Cette mesure, a-t-il ajouté, est "fondamentale pour restaurer les droits des déposants et la confiance des citoyens et de la communauté internationale". Il a mis en avant que l'opacité financière, prévalant de longue date au Liban, n'était plus aussi attractive pour les investisseurs qu'elle avait pu l'être.

"Il ne faut pas croire qu'avec cette loi, n'importe qui va entrer dans une banque et demander des détails sur un compte", a tempéré le ministre des Finances, Yassine Jaber, en déplacement à Washington avec son collègue de l'Economie, Amer Bisat, et le nouveau gouverneur de la Banque centrale, Karim Souaid.

Ces responsables doivent se rendre à la Banque mondiale et au Fonds monétaire international (FMI).

Le Liban a longtemps été une plaque-tournante financière régionale, dont la législation stricte sur le secret bancaire était perçue comme un atout, jusqu'à la profonde crise économique et financière qui a éclaté en 2019 et terni sa réputation.

Depuis, les autorités sont sous pression, interne et internationale, pour réformer une législation accusée d'avoir permis une fuite de capitaux au déclenchement de la crise, alors que les simples déposants étaient privés de leur épargne et que la valeur de la monnaie locale plongeait.

- Loi rétroactive sur dix ans -

Selon le groupe de défense des droits libanais Legal Agenda, les changements votés jeudi autorisent "les organes de contrôle et de régulation bancaire (...) à demander l'accès à toutes les informations sans raison particulière".

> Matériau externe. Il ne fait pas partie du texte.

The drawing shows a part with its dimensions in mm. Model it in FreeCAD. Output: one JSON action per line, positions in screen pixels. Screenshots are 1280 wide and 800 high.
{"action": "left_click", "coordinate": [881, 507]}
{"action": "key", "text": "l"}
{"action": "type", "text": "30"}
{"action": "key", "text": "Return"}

Ces organismes pourront avoir accès à des informations comme le nom des clients et les détails de leurs dépôts, et enquêter sur d'éventuelles activités suspectes, selon Legal Agenda.

La communauté internationale exige depuis longtemps d'importantes réformes pour débloquer des milliards de dollars et aider à la relance de l'économie libanaise, dont les maux sont imputés à la mauvaise gestion et à la corruption.

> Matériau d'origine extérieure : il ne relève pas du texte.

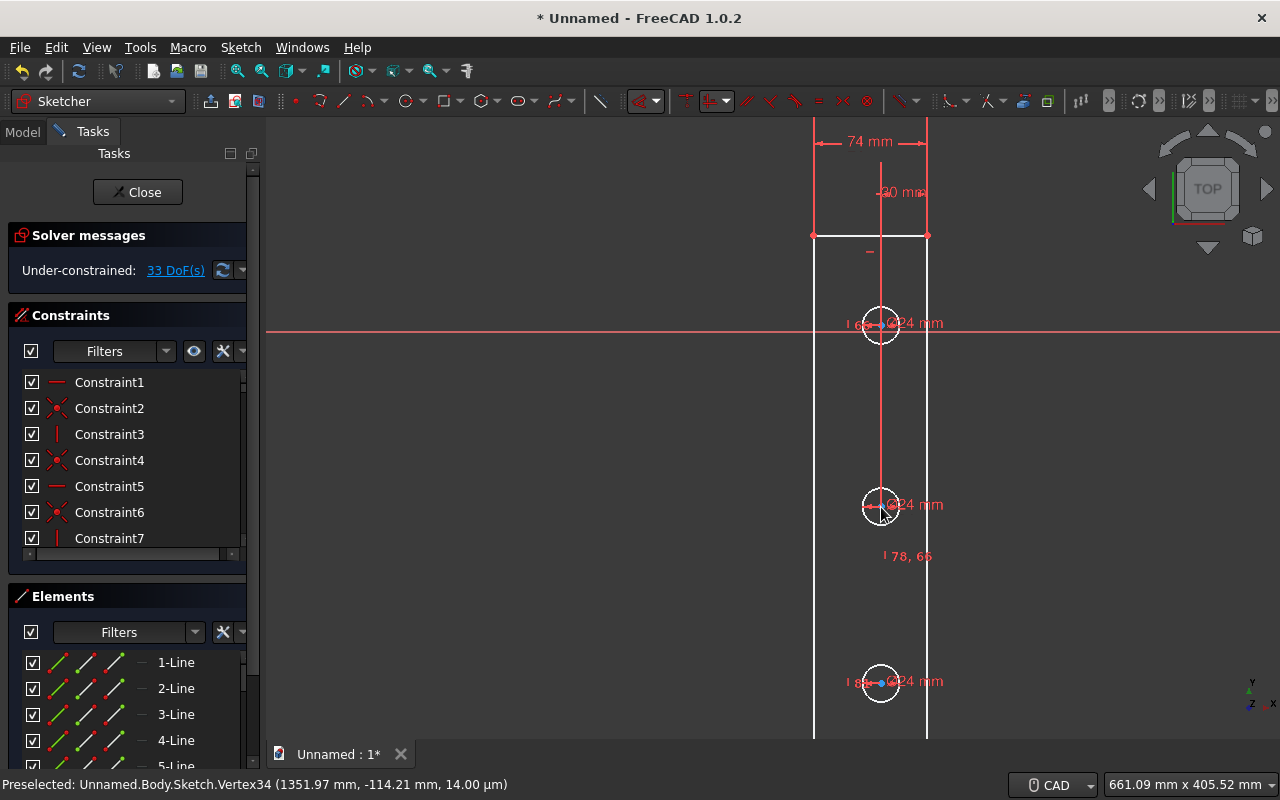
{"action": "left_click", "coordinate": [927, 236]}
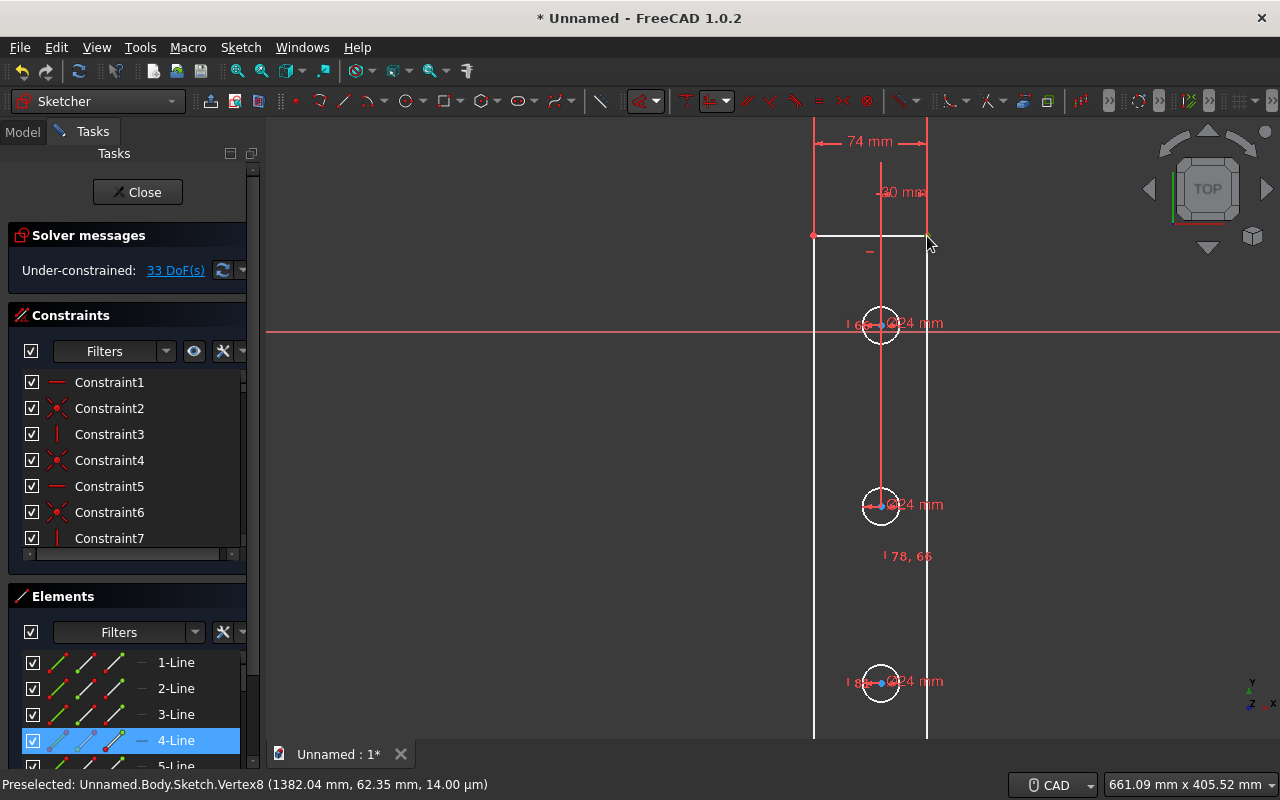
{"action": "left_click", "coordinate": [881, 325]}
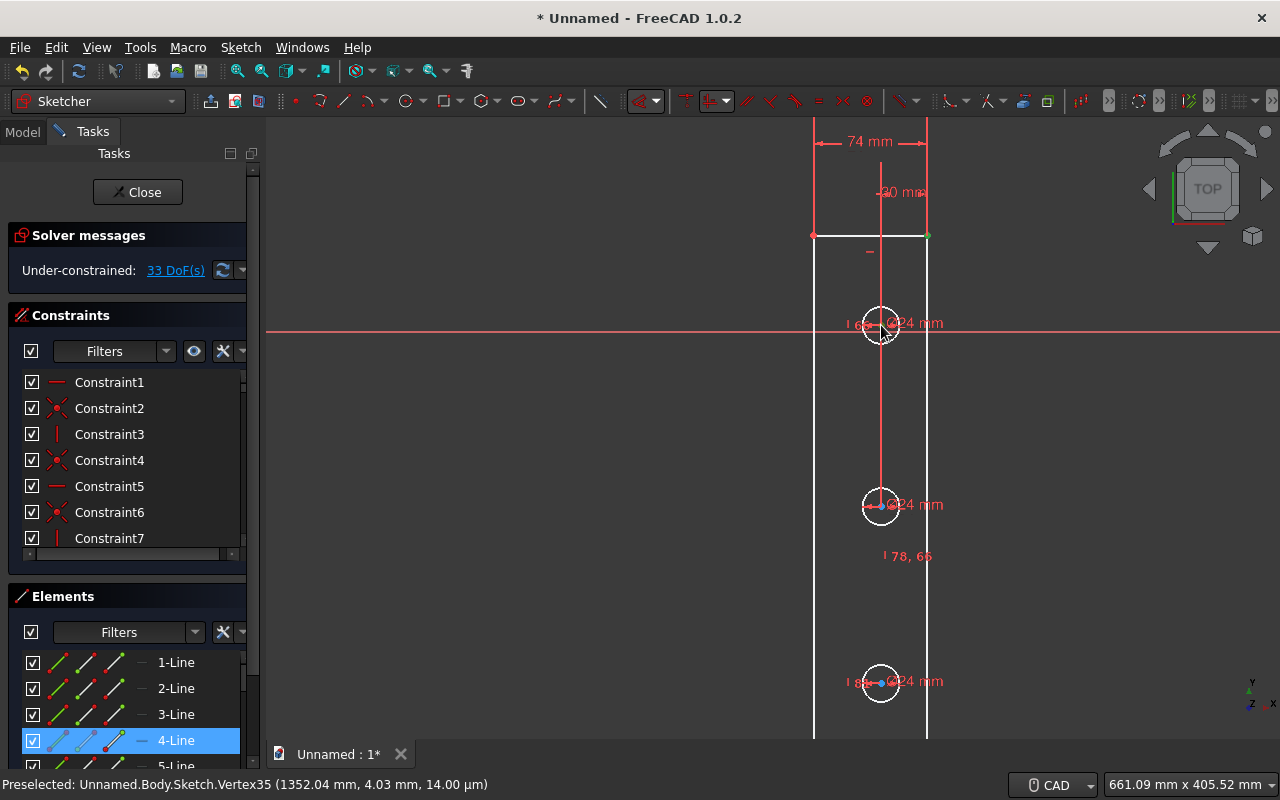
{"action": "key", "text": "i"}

La récente guerre entre Israël et le mouvement libanais pro-iranien Hezbollah a aggravé la situation et le pays, à court d'argent, a besoin de fonds pour la reconstruction.

M. Salam a souligné que la réforme "ouvrait une page nouvelle" dans la lutte contre l'évasion fiscale, la corruption et le blanchiment.

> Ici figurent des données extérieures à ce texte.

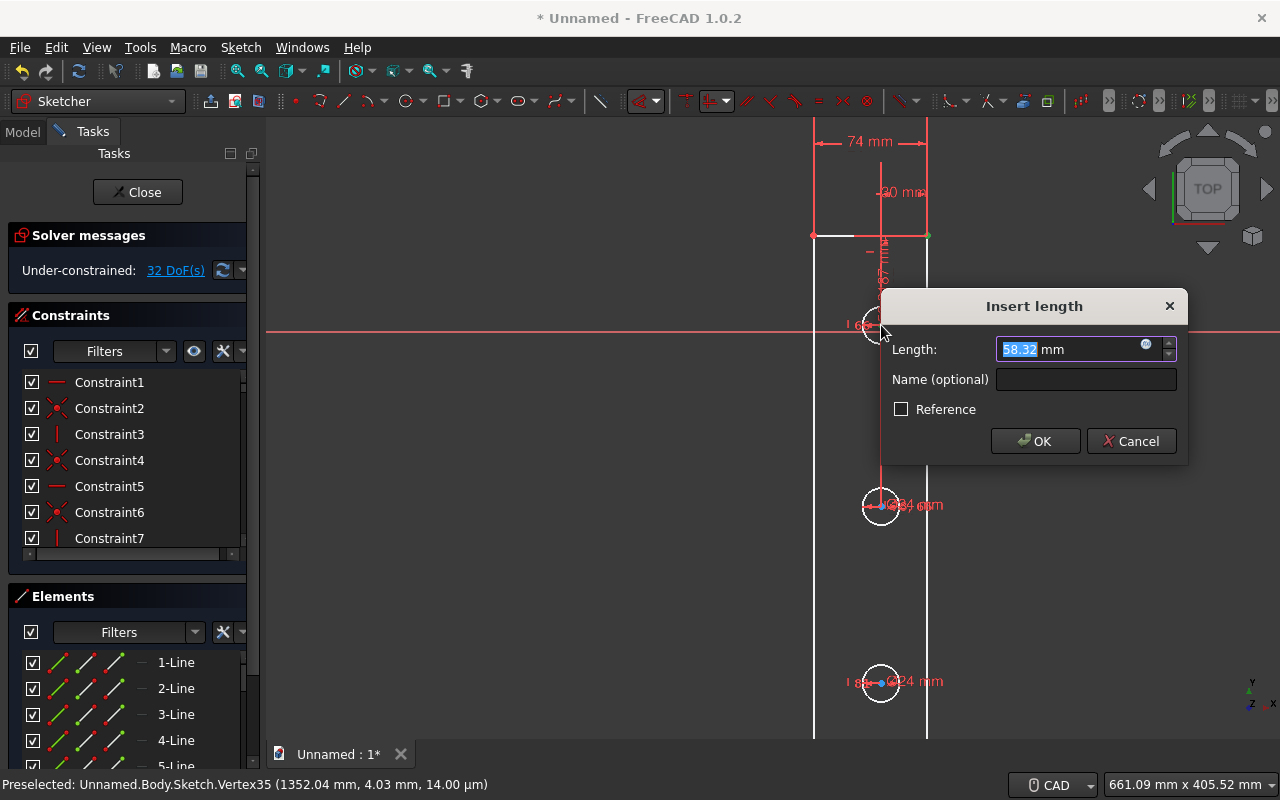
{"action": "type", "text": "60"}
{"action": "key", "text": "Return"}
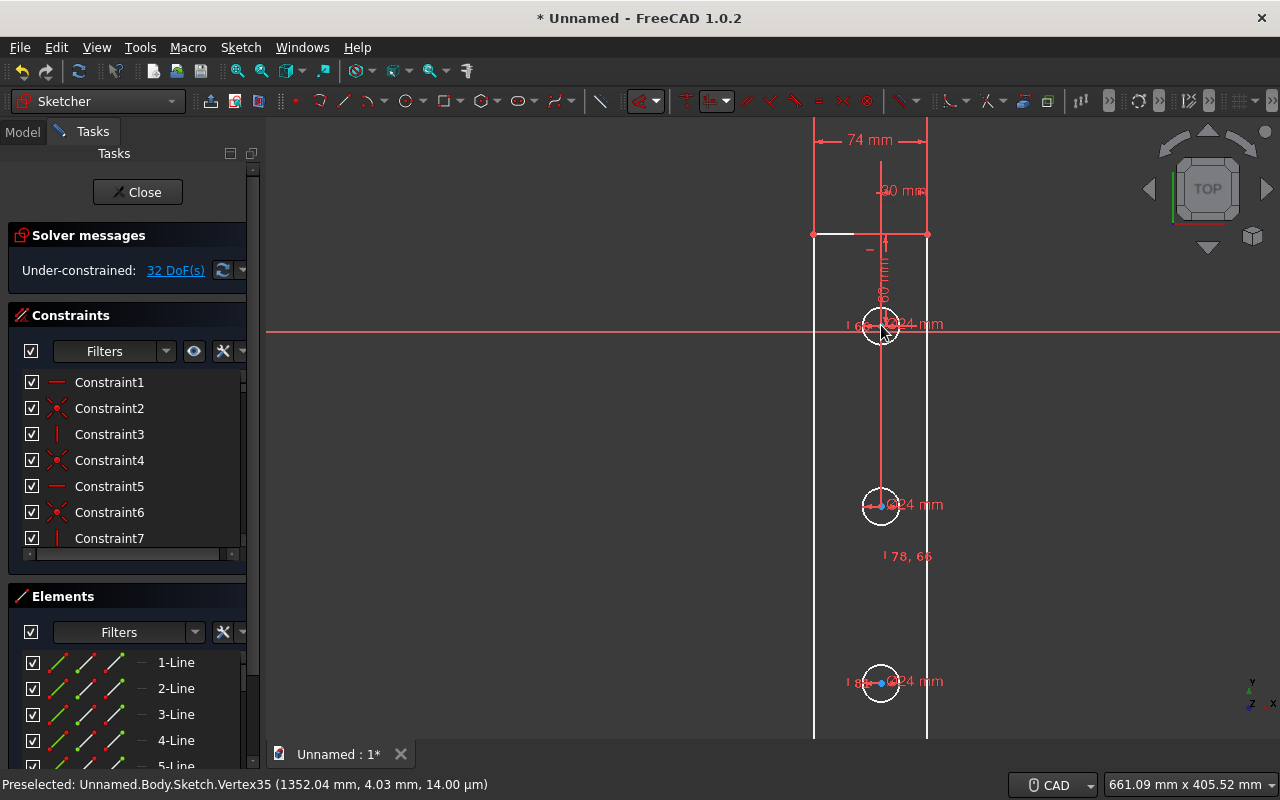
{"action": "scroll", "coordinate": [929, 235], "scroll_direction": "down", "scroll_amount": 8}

Le ministre des Finances a relevé que la Banque centrale aura "plus de marge de manoeuvre" pour accéder à certains comptes.

Selon Alain Aoun, membre de la commission des finances du Parlement, une première réforme en 2022 avait été jugée insuffisante par le FMI. Les organismes de contrôle pourront désormais demander "l'information qu'ils veulent", a-t-il dit à l'AFP.

En avril 2022, le Liban et le FMI avaient conclu un accord sous conditions pour un prêt sur 46 mois de trois milliards de dollars, mais les réformes alors exigées n'ont pour la plupart pas été entreprises.

En février, le FMI s'est dit ouvert à un nouvel accord, et le nouveau gouvernement libanais a promis d'autres réformes. Il doit prochainement soumettre au Parlement un projet de loi pour restructurer le secteur bancaire.

Mercredi, le gouvernement a aussi signé un accord de 250 millions de dollars avec la Banque mondiale pour relancer son secteur électrique en déshérence, qui prive régulièrement les Libanais de courant.